Your answer should hold only the line containing "Now give me 3D cuboids for each medicine" and each line that follows it in the listing, copied exactly.

|---|

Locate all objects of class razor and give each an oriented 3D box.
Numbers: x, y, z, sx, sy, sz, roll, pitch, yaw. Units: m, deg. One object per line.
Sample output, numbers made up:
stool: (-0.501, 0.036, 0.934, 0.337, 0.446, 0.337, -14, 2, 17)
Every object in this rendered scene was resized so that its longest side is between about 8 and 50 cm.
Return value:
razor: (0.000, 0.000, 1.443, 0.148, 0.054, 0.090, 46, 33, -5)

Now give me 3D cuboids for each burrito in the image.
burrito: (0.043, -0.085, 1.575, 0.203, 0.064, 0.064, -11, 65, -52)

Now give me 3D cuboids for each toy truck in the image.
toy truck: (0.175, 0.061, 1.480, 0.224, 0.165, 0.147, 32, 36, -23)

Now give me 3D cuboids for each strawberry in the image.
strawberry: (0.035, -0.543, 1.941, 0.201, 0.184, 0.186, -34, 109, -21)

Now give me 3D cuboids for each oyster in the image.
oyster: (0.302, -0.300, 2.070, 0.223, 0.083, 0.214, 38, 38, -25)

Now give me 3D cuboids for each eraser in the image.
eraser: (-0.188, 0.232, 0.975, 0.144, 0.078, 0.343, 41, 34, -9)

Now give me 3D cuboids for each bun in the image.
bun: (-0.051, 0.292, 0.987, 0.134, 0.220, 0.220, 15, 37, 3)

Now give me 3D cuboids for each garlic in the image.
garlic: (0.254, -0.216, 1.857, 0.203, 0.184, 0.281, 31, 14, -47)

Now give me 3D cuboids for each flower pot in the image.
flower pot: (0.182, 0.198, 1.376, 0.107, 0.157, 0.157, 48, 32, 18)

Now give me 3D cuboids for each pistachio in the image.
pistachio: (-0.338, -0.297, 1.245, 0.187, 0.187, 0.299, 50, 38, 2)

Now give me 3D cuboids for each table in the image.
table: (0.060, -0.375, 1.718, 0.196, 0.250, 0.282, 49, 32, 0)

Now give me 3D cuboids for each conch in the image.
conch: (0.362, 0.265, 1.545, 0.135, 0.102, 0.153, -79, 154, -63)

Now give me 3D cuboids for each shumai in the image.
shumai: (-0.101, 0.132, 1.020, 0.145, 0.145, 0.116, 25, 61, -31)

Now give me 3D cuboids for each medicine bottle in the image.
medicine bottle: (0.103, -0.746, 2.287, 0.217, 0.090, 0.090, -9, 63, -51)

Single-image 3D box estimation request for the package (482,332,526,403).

|---|

- [Response below]
Now give me 3D cuboids for each medicine bottle in the image.
medicine bottle: (0.103, -0.746, 2.287, 0.217, 0.090, 0.090, -9, 63, -51)

Single-image 3D box estimation request for the package (482,332,526,403).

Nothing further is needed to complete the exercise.